I don't know how anymore, but somehow I discovered #commits on FreeNode (I was prolly hinted at GIMPnet). #commits is such a cool idea. I nicked it, and set up a #commits on GIMPnet. Some GNOME hackers and users seem to like the new service, which is good. Kudos to the people who set up #commits at FreeNode.
Then my new GNOME About dialog ended up in GNOME cvs HEAD. Because people seemed to like it. I find it really cool that it got in.
After that I finally took some time to install kcachegrind. What a wonderful tool. I finally understood how to use all those lists and numbers to actually make stuff faster. Kcachegrind visualizes the information very good, especially the source code view totally rocks. I guess I need to write a GUI like this for GTK+ now. Might do it when I am on holiday, because I won't have a real netconn. People suggested me to write it in Python, so I will have to read my book on python first.

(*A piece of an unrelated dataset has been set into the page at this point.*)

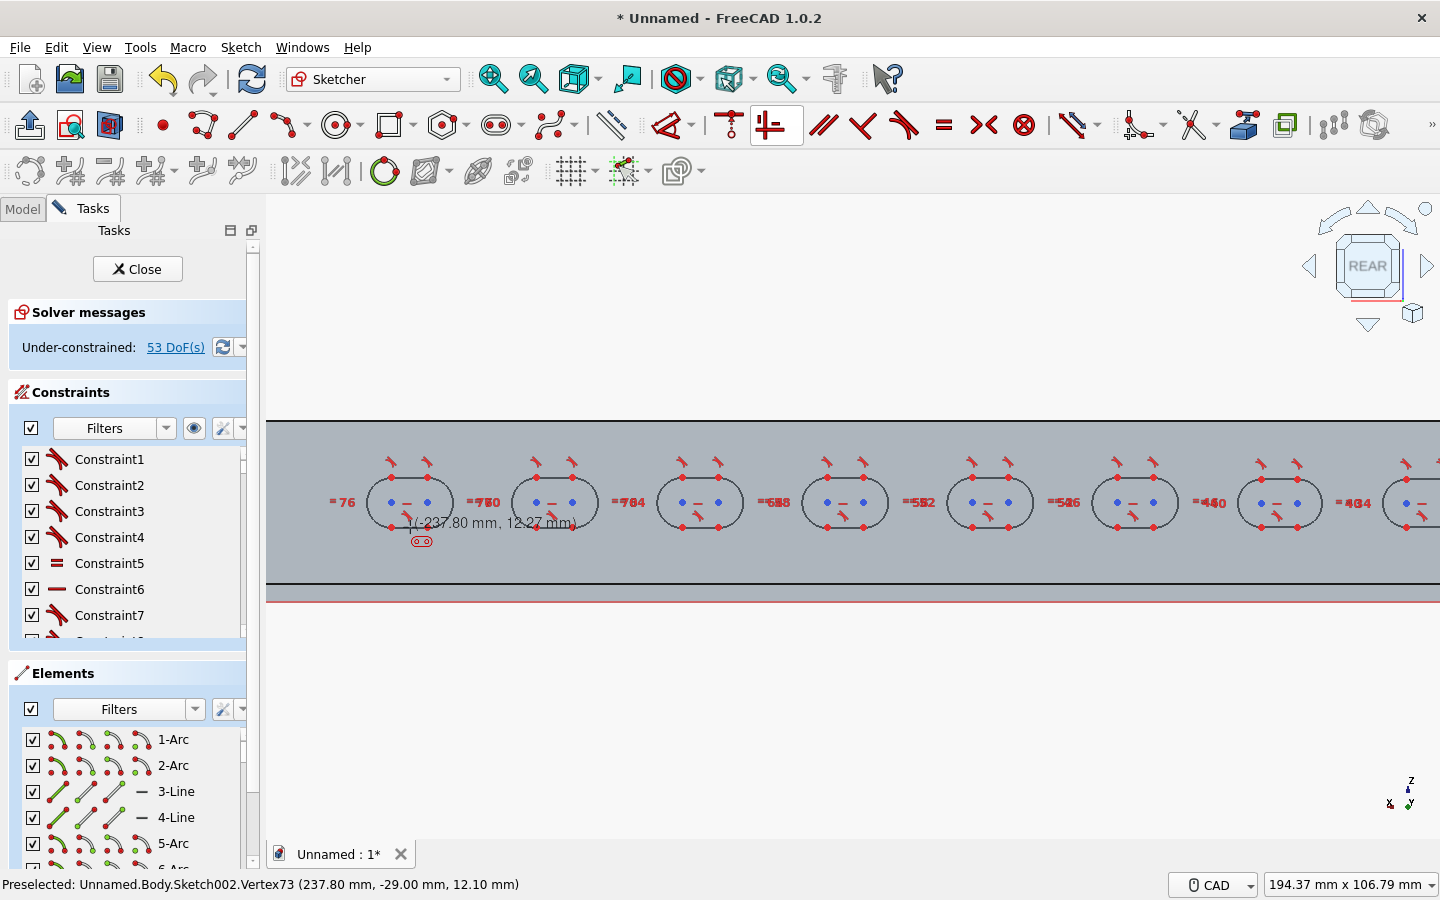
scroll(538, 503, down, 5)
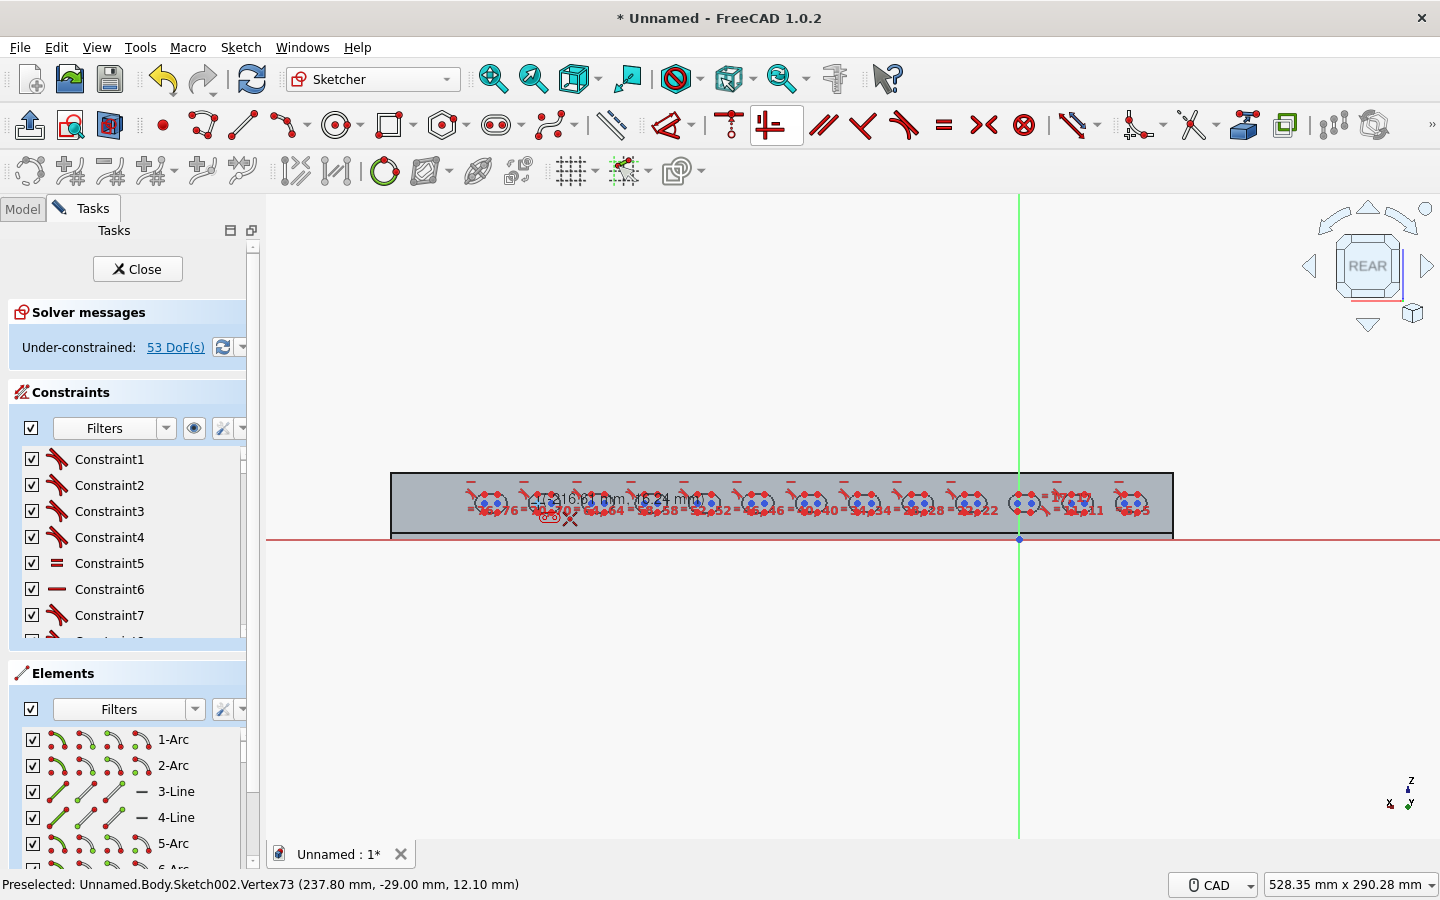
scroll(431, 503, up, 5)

Work on my new gtk+ 2.4 features steadily continues. The API for the new ComboBox is about to be finalized. The end result will look really clean (thanks to a bunch of input from Owen and Havoc), it took a long time to get to that, but I'm sort of proud of it actually :). The last days I've been working on the completion mechanism for GtkEntry. That API will also be nice and clean (thanks to input from Owen). I wouldn't have been able to come up which such nice and clean APIs myself. After some GtkTreeModelFilter (another of my 2.4 features :) optimizations, the completion code is fast enough to be really usable.
Somewhere this week, I should put up a list of planned GtkTreeView features for gtk+ 2.4 on the gtk+ 2.4 planning site.
It looks like I will land a not insignificant amount of code in gtk+ 2.4. Something what I find pretty cool and exciting. I finally start to feel useful.